All joking apart, people’s habits are changing and smartphone adoption (addiction if you prefer) is moving rapidly along the Rogers’ Bell Cycle of technology adoption. This moves on a continuum from early adopters — the approximately 3% who are prepared to pay a large amount of money for innovative products and to all intents and purposes underwrite their R&D — to the 16% of Laggards who will only buy once the product has become a commodity adopted by the mass market and priced accordingly. The different ‘states’ between these two points are Early Majority and Late Majority representing about 34% each.

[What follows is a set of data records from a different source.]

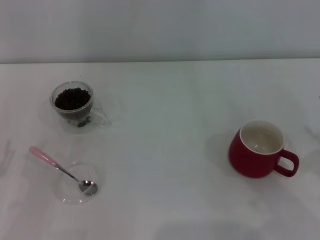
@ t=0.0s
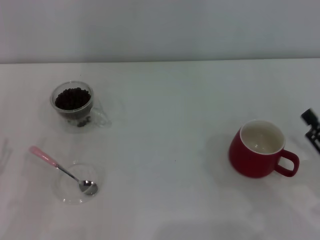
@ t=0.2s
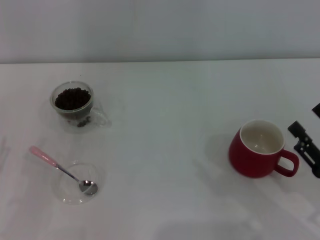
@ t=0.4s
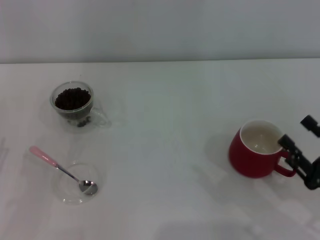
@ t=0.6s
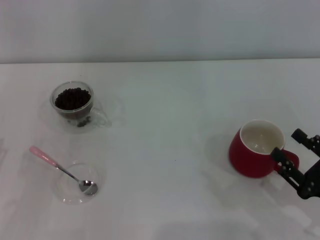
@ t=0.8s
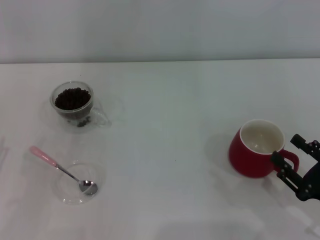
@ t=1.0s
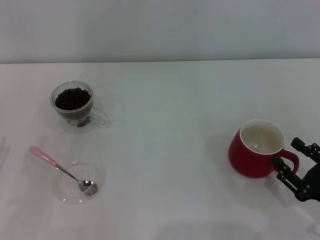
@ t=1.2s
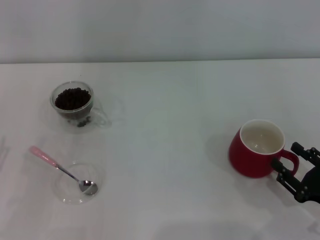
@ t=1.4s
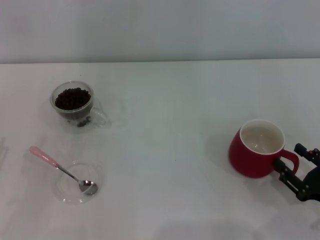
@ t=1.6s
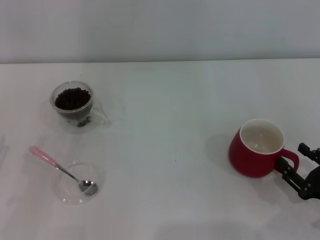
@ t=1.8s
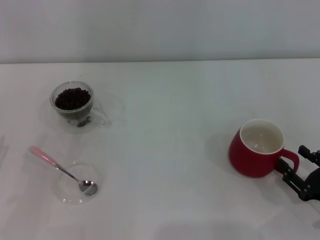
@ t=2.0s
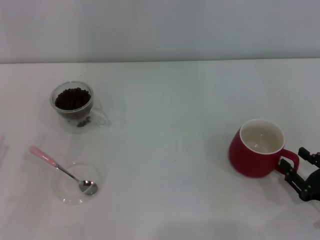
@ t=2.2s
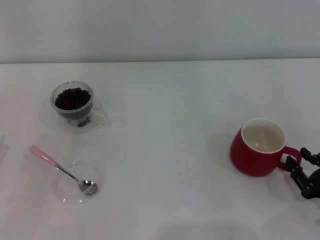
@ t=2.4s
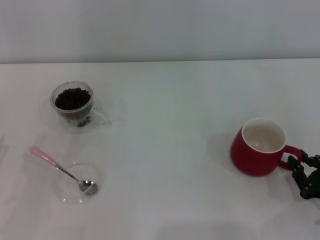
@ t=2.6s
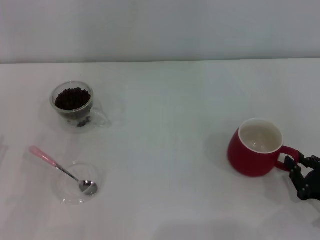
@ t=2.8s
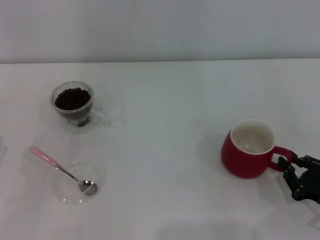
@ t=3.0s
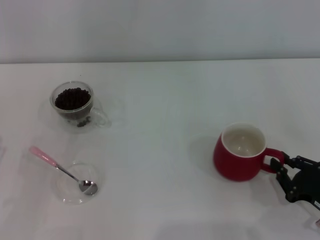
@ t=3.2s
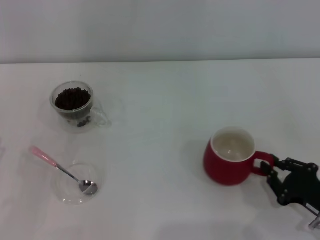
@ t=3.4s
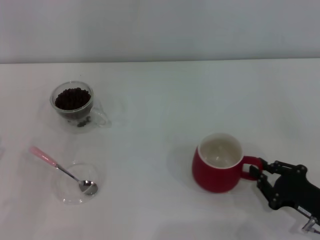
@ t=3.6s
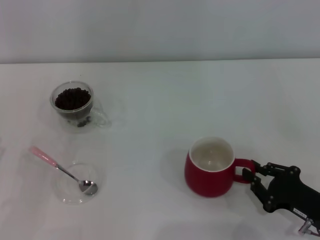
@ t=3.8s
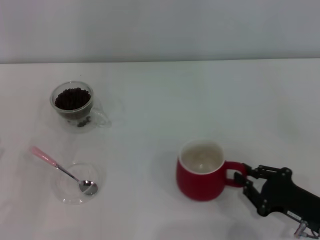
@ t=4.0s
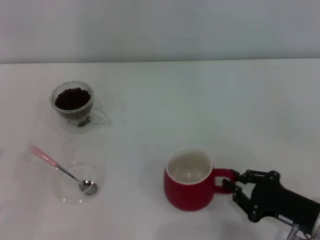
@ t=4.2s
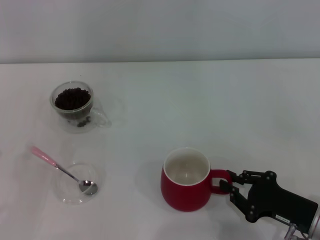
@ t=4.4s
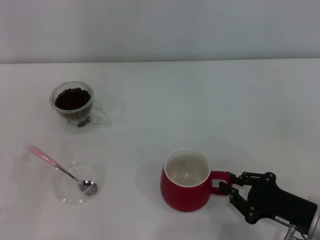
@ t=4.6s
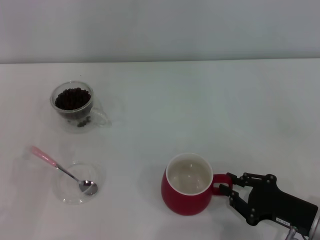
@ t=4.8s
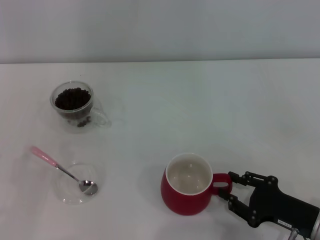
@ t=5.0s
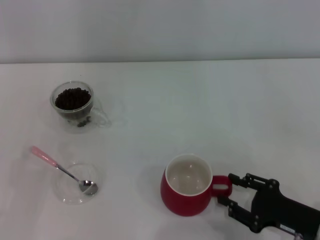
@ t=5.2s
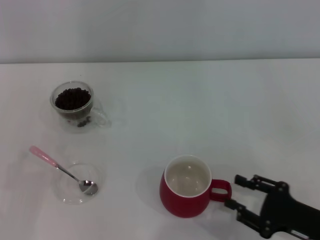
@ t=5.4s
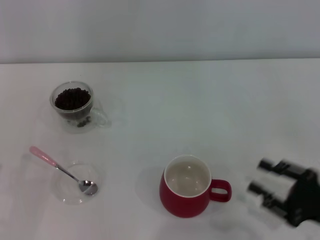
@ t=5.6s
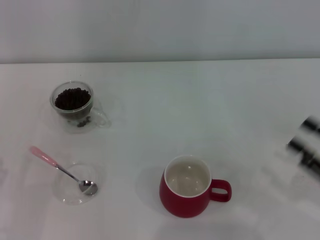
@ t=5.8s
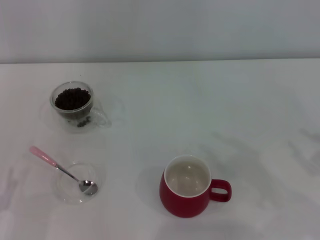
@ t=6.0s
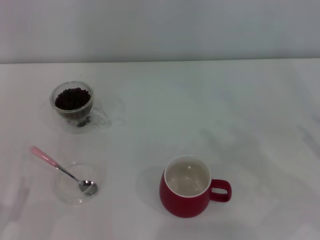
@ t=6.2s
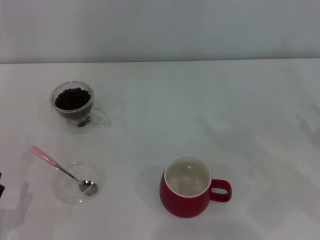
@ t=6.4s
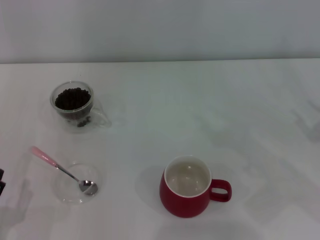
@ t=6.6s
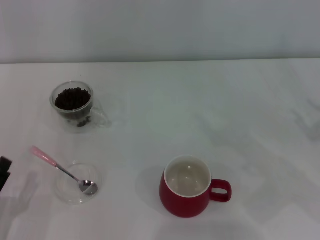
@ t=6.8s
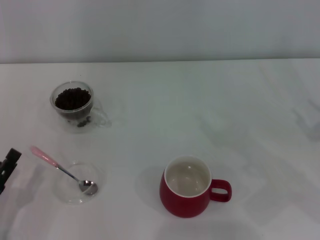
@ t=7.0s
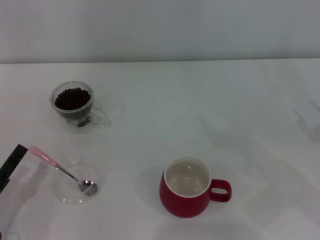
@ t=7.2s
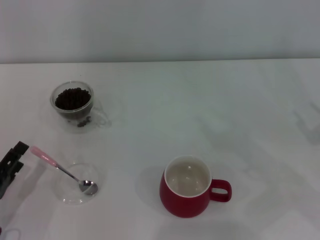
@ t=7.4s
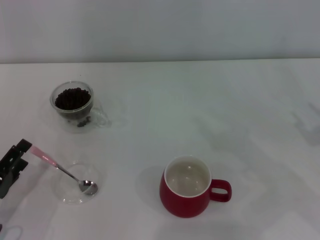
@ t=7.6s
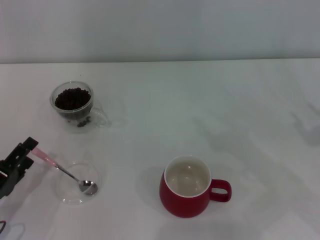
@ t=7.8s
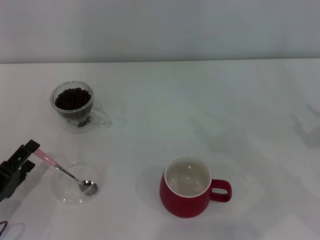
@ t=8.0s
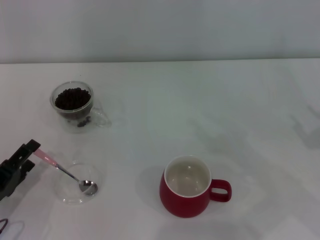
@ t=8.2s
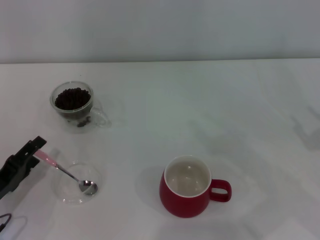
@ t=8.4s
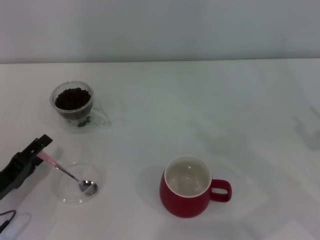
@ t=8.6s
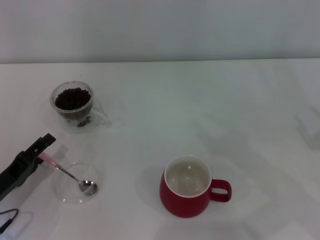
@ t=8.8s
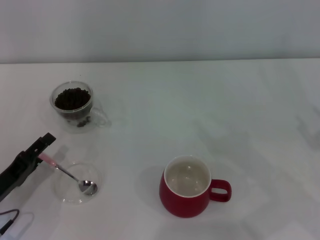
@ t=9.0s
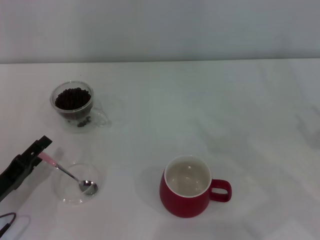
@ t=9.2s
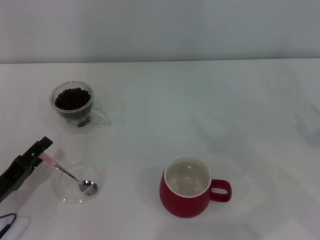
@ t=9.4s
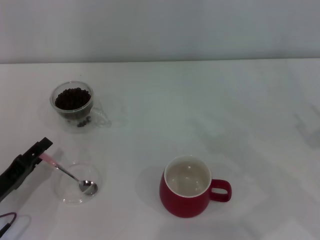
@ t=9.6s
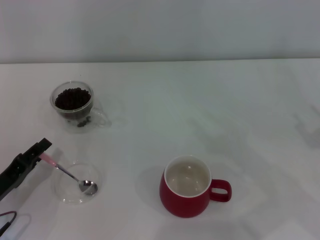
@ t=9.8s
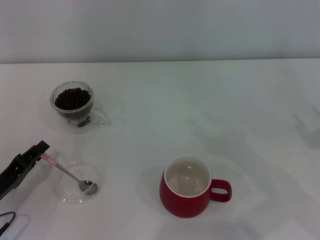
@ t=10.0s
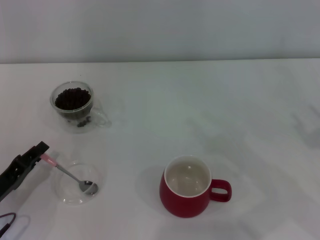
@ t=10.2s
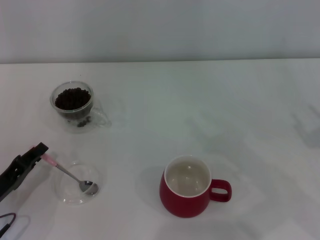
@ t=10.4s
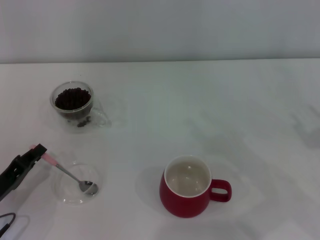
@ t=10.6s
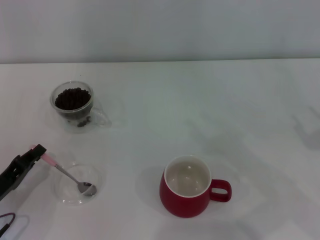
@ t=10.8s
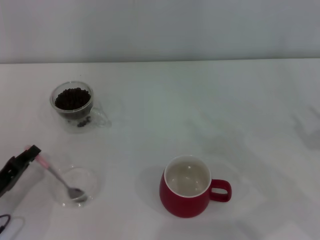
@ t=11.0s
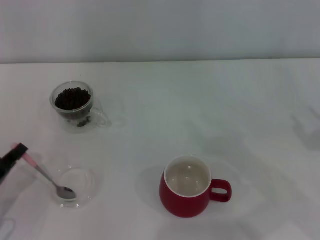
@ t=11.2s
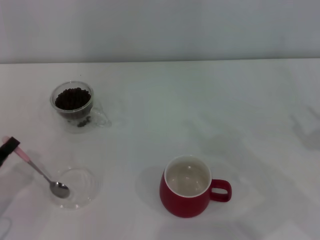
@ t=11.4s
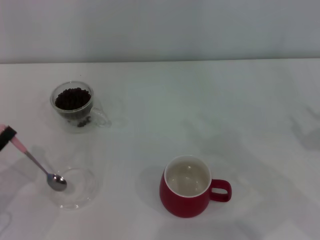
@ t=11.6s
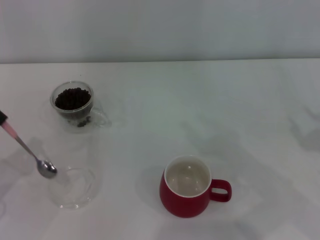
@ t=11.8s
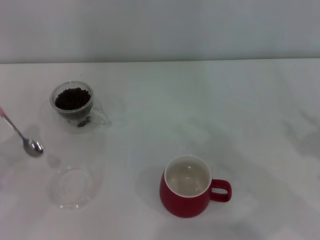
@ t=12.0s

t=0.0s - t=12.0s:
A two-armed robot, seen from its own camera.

So what does all this mean other than the rise of a different type of counselors and another 12-step programme in the offing? For one thing, as events industry commentator Corbin Ball said at ABEE (the Australian Business Events Expo) in Sydney recently, if you don’t have a mobile app by the end of the year, your attendees will be asking why. I guess he should know, having been voted the most influential person in the meetings industry for 2012.
Smartphone penetration in most of the countries we’re selling into is sitting anywhere between 40% and 60% and rising fast. In these markets, the adoption level is already passed the Early Majority and blasting through the Late Majority with the force of a meteor crashing to earth. It won’t be long before smartphones and therefore apps are a commodity and will need to be priced and framed accordingly. The concept of building a different app for each event may not be sustainable in the long term.
So the moral to today’s story dear readers? Even if some of your audiences are still in the antediluvian realm where only the early adopters are in play annoying everyone by not turning their phone buzzers off during conference sessions, it won’t last! Plan for the mass market, commodity moment that is coming … ready or not! Systems like ShowGizmo’s multi-event platform which are instantly available, reusable and sensibly priced are going to be where it’s at.